Я сказал об этом Брэдшоу, и он кивнул:

— Да, я тоже обратил на это внимание, когда заезжал сюда. Такое ощущение, что она тратила деньги на ерунду.

— А откуда она их получала?

— Я так понял, что у нее были какие-то личные средства. Естественно, она не могла бы так одеваться на одну профессорскую ставку.

— Вы хорошо ее знали?

— Не очень. Я участвовал вместе с ней в двух-трех мероприятиях в колледже. Потом у нас обнаружилась общая страсть к Хиндемиту. — Он соединил пальцы. — Она была... она была очень презентабельной женщиной. Но мы не были с ней близки ни в каких смыслах. Она не располагала к интимности.

Брови у меня поползли на лоб. Брэдшоу слегка покраснел.

— Ради Бога, я не имел в виду сексуальные отношения. К тому же она вообще была не из тех женщин, которые мне нравятся. Я хотел сказать, что она не любила откровенничать.

— Откуда она приехала?

— Из какого-то небольшого колледжа на Западе, кажется, Мейпл-Парка. Мы пригласили Элен на работу уже после ее переезда сюда. Это была срочная замена, вызванная тромбозом коронарных сосудов у доктора Фарранда. К счастью, Элен оказалась под рукой. Просто не знаю, что бы делал наш факультет современного языкознания, если бы не она.

В его тоне сквозило легкое сожаление об умершей и гораздо большая тревога о судьбе факультета, потерявшего преподавателя в разгар семестра. И хотя его волнение за судьбу собственного колледжа было совершенно естественно, что-то мне в этом не понравилось. И я сказал с желанием задеть его:

— Вам и вашему колледжу придется столкнуться с куда более неприятными проблемами, чем поиски преподавателя.

— Что вы имеете в виду?

— Вы не просто потеряли профессора. Я имел возможность побеседовать с ней сегодня утром, и, между прочим, она сообщила мне, что ее шантажируют.

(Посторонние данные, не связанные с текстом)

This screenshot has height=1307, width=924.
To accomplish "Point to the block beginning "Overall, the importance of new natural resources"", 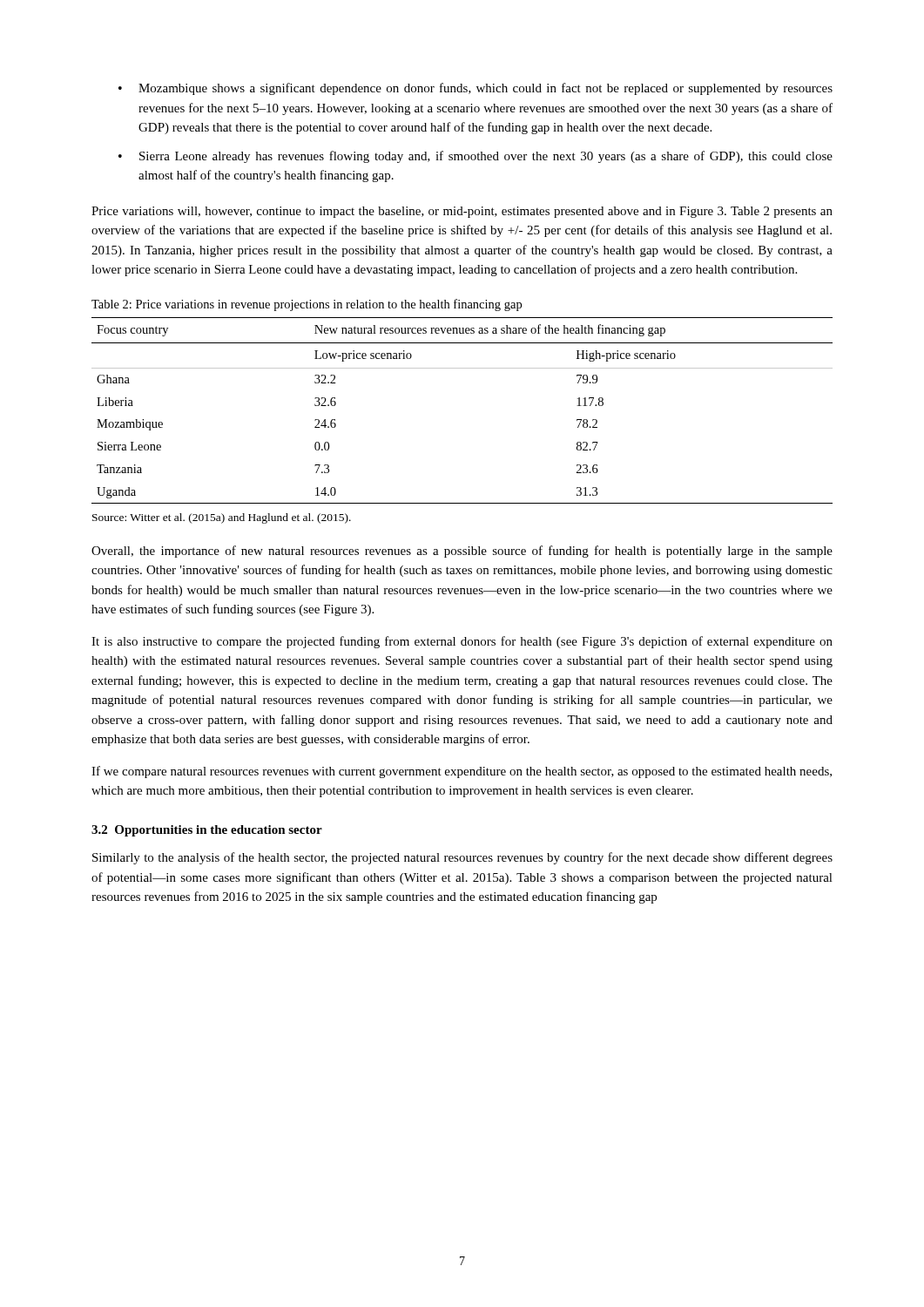I will [x=462, y=580].

— Как ужасно, — произнес он таким тоном, будто это сообщение потрясло его больше, чем сама смерть. — Но кто?..

— У нее не было ни малейшего представления, впрочем, как и у меня. Я подумал, может быть, вы что-нибудь знаете. У нее были враги в колледже?

— Даже не могу себе представить. Понимаете, мы с Элен не были настолько знакомы.

— А вот я успел с ней познакомиться за то короткое время, что мы провели вместе. И, насколько я понял, ее жизнь складывалась не только из семинаров и факультетских чаепитий. Вы не интересовались ее биографией перед тем, как пригласить на работу?